== Segment start ==

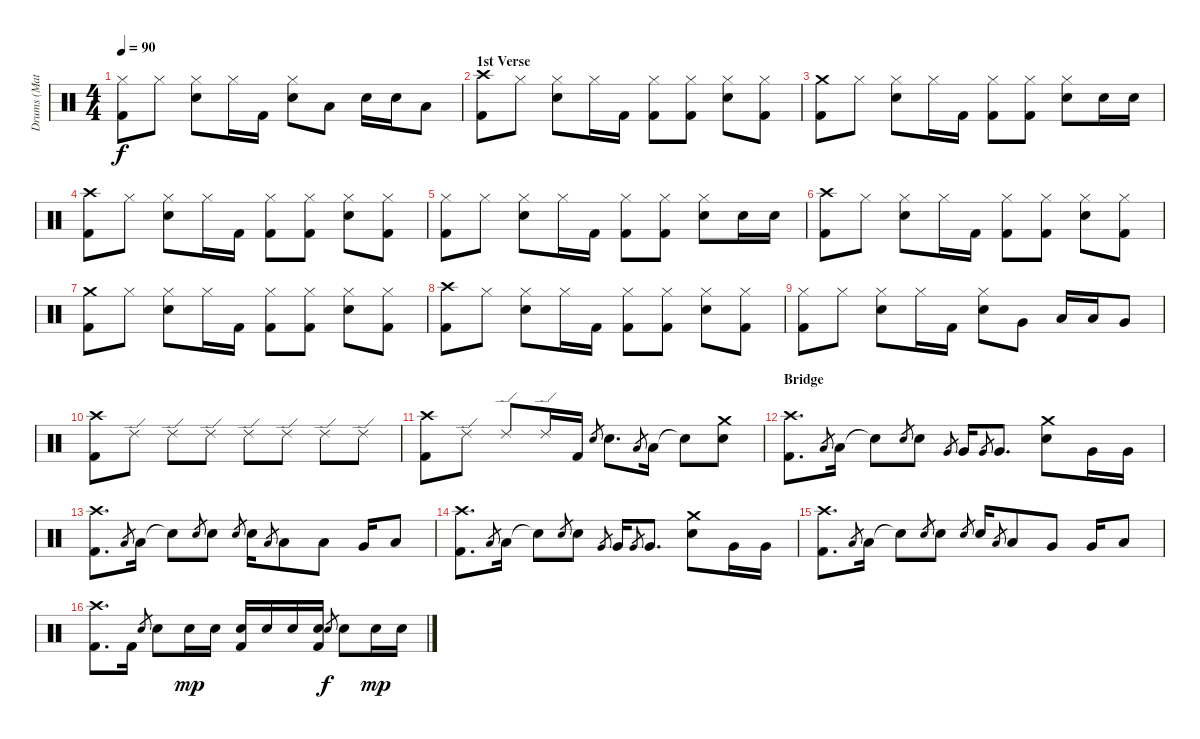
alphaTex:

\track ("Drums (Matt)" "Drums (Mat") {instrument percussion}
\staff {score}
\articulation defaults
\ts (4 4)
\tempo 90
\clef neutral
\ks c
("Hi-Hat (closed)" "Kick (hit) 2").8{dy f} "Hi-Hat (closed)".8 ("Hi-Hat (closed)" "Snare (hit) 2").8 "Hi-Hat (closed)".16 "Kick (hit) 2".16 ("Hi-Hat (closed)" "Snare (hit) 2").8 "Low Tom (hit)".8 "Snare (hit) 2".16 "Snare (hit) 2".16 "Low Tom (hit)".8 |
\section ("" "1st Verse")
("Crash high (hit)" "Kick (hit) 2").8 "Hi-Hat (closed)".8 ("Hi-Hat (closed)" "Snare (hit) 2").8 "Hi-Hat (closed)".16 "Kick (hit) 2".16 ("Hi-Hat (closed)" "Kick (hit) 2").8 ("Hi-Hat (closed)" "Kick (hit) 2").8 ("Hi-Hat (closed)" "Snare (hit) 2").8 ("Hi-Hat (closed)" "Kick (hit) 2").8 |
("Crash medium (hit)" "Kick (hit) 2").8 "Hi-Hat (closed)".8 ("Hi-Hat (closed)" "Snare (hit) 2").8 "Hi-Hat (closed)".16 "Kick (hit) 2".16 ("Hi-Hat (closed)" "Kick (hit) 2").8 ("Hi-Hat (closed)" "Kick (hit) 2").8 ("Hi-Hat (closed)" "Snare (hit) 2").8 "Snare (hit) 2".16 "Snare (hit) 2".16 |
("Crash high (hit)" "Kick (hit) 2").8 "Hi-Hat (closed)".8 ("Hi-Hat (closed)" "Snare (hit) 2").8 "Hi-Hat (closed)".16 "Kick (hit) 2".16 ("Hi-Hat (closed)" "Kick (hit) 2").8 ("Hi-Hat (closed)" "Kick (hit) 2").8 ("Hi-Hat (closed)" "Snare (hit) 2").8 ("Hi-Hat (closed)" "Kick (hit) 2").8 |
("Hi-Hat (closed)" "Kick (hit) 2").8 "Hi-Hat (closed)".8 ("Hi-Hat (closed)" "Snare (hit) 2").8 "Hi-Hat (closed)".16 "Kick (hit) 2".16 ("Hi-Hat (closed)" "Kick (hit) 2").8 ("Hi-Hat (closed)" "Kick (hit) 2").8 ("Hi-Hat (closed)" "Snare (hit) 2").8 "Snare (hit) 2".16 "Snare (hit) 2".16 |
("Crash high (hit)" "Kick (hit) 2").8 "Hi-Hat (closed)".8 ("Hi-Hat (closed)" "Snare (hit) 2").8 "Hi-Hat (closed)".16 "Kick (hit) 2".16 ("Hi-Hat (closed)" "Kick (hit) 2").8 ("Hi-Hat (closed)" "Kick (hit) 2").8 ("Hi-Hat (closed)" "Snare (hit) 2").8 ("Hi-Hat (closed)" "Kick (hit) 2").8 |
("Crash medium (hit)" "Kick (hit) 2").8 "Hi-Hat (closed)".8 ("Hi-Hat (closed)" "Snare (hit) 2").8 "Hi-Hat (closed)".16 "Kick (hit) 2".16 ("Hi-Hat (closed)" "Kick (hit) 2").8 ("Hi-Hat (closed)" "Kick (hit) 2").8 ("Hi-Hat (closed)" "Snare (hit) 2").8 ("Hi-Hat (closed)" "Kick (hit) 2").8 |
("Crash high (hit)" "Kick (hit) 2").8 "Hi-Hat (closed)".8 ("Hi-Hat (closed)" "Snare (hit) 2").8 "Hi-Hat (closed)".16 "Kick (hit) 2".16 ("Hi-Hat (closed)" "Kick (hit) 2").8 ("Hi-Hat (closed)" "Kick (hit) 2").8 ("Hi-Hat (closed)" "Snare (hit) 2").8 ("Hi-Hat (closed)" "Kick (hit) 2").8 |
("Hi-Hat (closed)" "Kick (hit) 2").8 "Hi-Hat (closed)".8 ("Hi-Hat (closed)" "Snare (hit) 2").8 "Hi-Hat (closed)".16 "Kick (hit) 2".16 ("Hi-Hat (closed)" "Snare (hit) 2").8 "Very Low Tom (hit)".8 "Low Tom (hit)".16 "Low Tom (hit)".16 "Very Low Tom (hit)".8 |
("Crash high (hit)" "Kick (hit) 2").8 "Ride (edge) 2".8 "Ride (edge) 2".8 "Ride (edge) 2".8 "Ride (edge) 2".8 "Ride (edge) 2".8 "Ride (edge) 2".8 "Ride (edge) 2".8 |
("Crash high (hit)" "Kick (hit) 2").8 "Ride (edge) 2".8 "Ride (edge) 2".8 "Ride (edge) 2".16 "Kick (hit) 2".16 "Snare (hit) 2".8{gr} "Snare (hit) 2".8{d} "Low Tom (hit)".8{gr} "Low Tom (hit)".16 "Snare (hit)"{t}.8 ("Crash medium (hit)" "Snare (hit) 2").8 |
\section ("" "Bridge")
("Crash high (hit)" "Kick (hit) 2").8{d} "Low Tom (hit)".8{gr} "Low Tom (hit)".16 "Snare (hit)"{t}.8 "Snare (hit) 2".8{gr} "Snare (hit) 2".8 "Very Low Tom (hit)".8{gr} "Very Low Tom (hit)".16 "Very Low Tom (hit)".8{gr} "Very Low Tom (hit)".8{d} ("Crash medium (hit)" "Snare (hit) 2").8 "Very Low Tom (hit)".16 "Very Low Tom (hit)".16 |
("Crash high (hit)" "Kick (hit) 2").8{d} "Low Tom (hit)".8{gr} "Low Tom (hit)".16 "Snare (hit)"{t}.8 "Snare (hit) 2".8{gr} "Snare (hit) 2".8 "Snare (hit) 2".8{gr} "Snare (hit) 2".16 "Low Tom (hit)".8{gr} "Low Tom (hit)".8 "Low Tom (hit)".8 "Very Low Tom (hit)".16 "Low Floor Tom (hit)".8 |
("Crash high (hit)" "Kick (hit) 2").8{d} "Low Tom (hit)".8{gr} "Low Tom (hit)".16 "Snare (hit)"{t}.8 "Snare (hit) 2".8{gr} "Snare (hit) 2".8 "Very Low Tom (hit)".8{gr} "Very Low Tom (hit)".16 "Very Low Tom (hit)".8{gr} "Very Low Tom (hit)".8{d} ("Crash medium (hit)" "Snare (hit) 2").8 "Very Low Tom (hit)".16 "Very Low Tom (hit)".16 |
("Crash high (hit)" "Kick (hit) 2").8{d} "Low Tom (hit)".8{gr} "Low Tom (hit)".16 "Snare (hit)"{t}.8 "Snare (hit) 2".8{gr} "Snare (hit) 2".8 "Snare (hit) 2".8{gr} "Snare (hit) 2".16 "Low Tom (hit)".8{gr} "Low Tom (hit)".8 "Very Low Tom (hit)".8 "Very Low Tom (hit)".16 "Low Floor Tom (hit)".8 |
("Crash high (hit)" "Kick (hit) 2").8{d} "Kick (hit) 2".16 "Snare (hit) 2".8{gr} "Snare (hit) 2".8 "Snare (hit) 2".16{dy mp} "Snare (hit) 2".16 ("Snare (hit) 2" "Kick (hit) 2").16 "Snare (hit) 2".16 "Snare (hit) 2".16 ("Snare (hit) 2" "Kick (hit) 2").16 "Snare (hit) 2".8{gr dy f} "Snare (hit) 2".8 "Snare (hit) 2".16{dy mp} "Snare (hit) 2".16

== Segment end ==

▶ [Exercise] The entries are to be written out again exactly, though without any images.

▶ [Task response]
alphaTex:

\track ("Drums (Matt)" "Drums (Mat") {instrument percussion}
\staff {score}
\articulation defaults
\ts (4 4)
\tempo 90
\clef neutral
\ks c
("Hi-Hat (closed)" "Kick (hit) 2").8{dy f} "Hi-Hat (closed)".8 ("Hi-Hat (closed)" "Snare (hit) 2").8 "Hi-Hat (closed)".16 "Kick (hit) 2".16 ("Hi-Hat (closed)" "Snare (hit) 2").8 "Low Tom (hit)".8 "Snare (hit) 2".16 "Snare (hit) 2".16 "Low Tom (hit)".8 |
\section ("" "1st Verse")
("Crash high (hit)" "Kick (hit) 2").8 "Hi-Hat (closed)".8 ("Hi-Hat (closed)" "Snare (hit) 2").8 "Hi-Hat (closed)".16 "Kick (hit) 2".16 ("Hi-Hat (closed)" "Kick (hit) 2").8 ("Hi-Hat (closed)" "Kick (hit) 2").8 ("Hi-Hat (closed)" "Snare (hit) 2").8 ("Hi-Hat (closed)" "Kick (hit) 2").8 |
("Crash medium (hit)" "Kick (hit) 2").8 "Hi-Hat (closed)".8 ("Hi-Hat (closed)" "Snare (hit) 2").8 "Hi-Hat (closed)".16 "Kick (hit) 2".16 ("Hi-Hat (closed)" "Kick (hit) 2").8 ("Hi-Hat (closed)" "Kick (hit) 2").8 ("Hi-Hat (closed)" "Snare (hit) 2").8 "Snare (hit) 2".16 "Snare (hit) 2".16 |
("Crash high (hit)" "Kick (hit) 2").8 "Hi-Hat (closed)".8 ("Hi-Hat (closed)" "Snare (hit) 2").8 "Hi-Hat (closed)".16 "Kick (hit) 2".16 ("Hi-Hat (closed)" "Kick (hit) 2").8 ("Hi-Hat (closed)" "Kick (hit) 2").8 ("Hi-Hat (closed)" "Snare (hit) 2").8 ("Hi-Hat (closed)" "Kick (hit) 2").8 |
("Hi-Hat (closed)" "Kick (hit) 2").8 "Hi-Hat (closed)".8 ("Hi-Hat (closed)" "Snare (hit) 2").8 "Hi-Hat (closed)".16 "Kick (hit) 2".16 ("Hi-Hat (closed)" "Kick (hit) 2").8 ("Hi-Hat (closed)" "Kick (hit) 2").8 ("Hi-Hat (closed)" "Snare (hit) 2").8 "Snare (hit) 2".16 "Snare (hit) 2".16 |
("Crash high (hit)" "Kick (hit) 2").8 "Hi-Hat (closed)".8 ("Hi-Hat (closed)" "Snare (hit) 2").8 "Hi-Hat (closed)".16 "Kick (hit) 2".16 ("Hi-Hat (closed)" "Kick (hit) 2").8 ("Hi-Hat (closed)" "Kick (hit) 2").8 ("Hi-Hat (closed)" "Snare (hit) 2").8 ("Hi-Hat (closed)" "Kick (hit) 2").8 |
("Crash medium (hit)" "Kick (hit) 2").8 "Hi-Hat (closed)".8 ("Hi-Hat (closed)" "Snare (hit) 2").8 "Hi-Hat (closed)".16 "Kick (hit) 2".16 ("Hi-Hat (closed)" "Kick (hit) 2").8 ("Hi-Hat (closed)" "Kick (hit) 2").8 ("Hi-Hat (closed)" "Snare (hit) 2").8 ("Hi-Hat (closed)" "Kick (hit) 2").8 |
("Crash high (hit)" "Kick (hit) 2").8 "Hi-Hat (closed)".8 ("Hi-Hat (closed)" "Snare (hit) 2").8 "Hi-Hat (closed)".16 "Kick (hit) 2".16 ("Hi-Hat (closed)" "Kick (hit) 2").8 ("Hi-Hat (closed)" "Kick (hit) 2").8 ("Hi-Hat (closed)" "Snare (hit) 2").8 ("Hi-Hat (closed)" "Kick (hit) 2").8 |
("Hi-Hat (closed)" "Kick (hit) 2").8 "Hi-Hat (closed)".8 ("Hi-Hat (closed)" "Snare (hit) 2").8 "Hi-Hat (closed)".16 "Kick (hit) 2".16 ("Hi-Hat (closed)" "Snare (hit) 2").8 "Very Low Tom (hit)".8 "Low Tom (hit)".16 "Low Tom (hit)".16 "Very Low Tom (hit)".8 |
("Crash high (hit)" "Kick (hit) 2").8 "Ride (edge) 2".8 "Ride (edge) 2".8 "Ride (edge) 2".8 "Ride (edge) 2".8 "Ride (edge) 2".8 "Ride (edge) 2".8 "Ride (edge) 2".8 |
("Crash high (hit)" "Kick (hit) 2").8 "Ride (edge) 2".8 "Ride (edge) 2".8 "Ride (edge) 2".16 "Kick (hit) 2".16 "Snare (hit) 2".8{gr} "Snare (hit) 2".8{d} "Low Tom (hit)".8{gr} "Low Tom (hit)".16 "Snare (hit)"{t}.8 ("Crash medium (hit)" "Snare (hit) 2").8 |
\section ("" "Bridge")
("Crash high (hit)" "Kick (hit) 2").8{d} "Low Tom (hit)".8{gr} "Low Tom (hit)".16 "Snare (hit)"{t}.8 "Snare (hit) 2".8{gr} "Snare (hit) 2".8 "Very Low Tom (hit)".8{gr} "Very Low Tom (hit)".16 "Very Low Tom (hit)".8{gr} "Very Low Tom (hit)".8{d} ("Crash medium (hit)" "Snare (hit) 2").8 "Very Low Tom (hit)".16 "Very Low Tom (hit)".16 |
("Crash high (hit)" "Kick (hit) 2").8{d} "Low Tom (hit)".8{gr} "Low Tom (hit)".16 "Snare (hit)"{t}.8 "Snare (hit) 2".8{gr} "Snare (hit) 2".8 "Snare (hit) 2".8{gr} "Snare (hit) 2".16 "Low Tom (hit)".8{gr} "Low Tom (hit)".8 "Low Tom (hit)".8 "Very Low Tom (hit)".16 "Low Floor Tom (hit)".8 |
("Crash high (hit)" "Kick (hit) 2").8{d} "Low Tom (hit)".8{gr} "Low Tom (hit)".16 "Snare (hit)"{t}.8 "Snare (hit) 2".8{gr} "Snare (hit) 2".8 "Very Low Tom (hit)".8{gr} "Very Low Tom (hit)".16 "Very Low Tom (hit)".8{gr} "Very Low Tom (hit)".8{d} ("Crash medium (hit)" "Snare (hit) 2").8 "Very Low Tom (hit)".16 "Very Low Tom (hit)".16 |
("Crash high (hit)" "Kick (hit) 2").8{d} "Low Tom (hit)".8{gr} "Low Tom (hit)".16 "Snare (hit)"{t}.8 "Snare (hit) 2".8{gr} "Snare (hit) 2".8 "Snare (hit) 2".8{gr} "Snare (hit) 2".16 "Low Tom (hit)".8{gr} "Low Tom (hit)".8 "Very Low Tom (hit)".8 "Very Low Tom (hit)".16 "Low Floor Tom (hit)".8 |
("Crash high (hit)" "Kick (hit) 2").8{d} "Kick (hit) 2".16 "Snare (hit) 2".8{gr} "Snare (hit) 2".8 "Snare (hit) 2".16{dy mp} "Snare (hit) 2".16 ("Snare (hit) 2" "Kick (hit) 2").16 "Snare (hit) 2".16 "Snare (hit) 2".16 ("Snare (hit) 2" "Kick (hit) 2").16 "Snare (hit) 2".8{gr dy f} "Snare (hit) 2".8 "Snare (hit) 2".16{dy mp} "Snare (hit) 2".16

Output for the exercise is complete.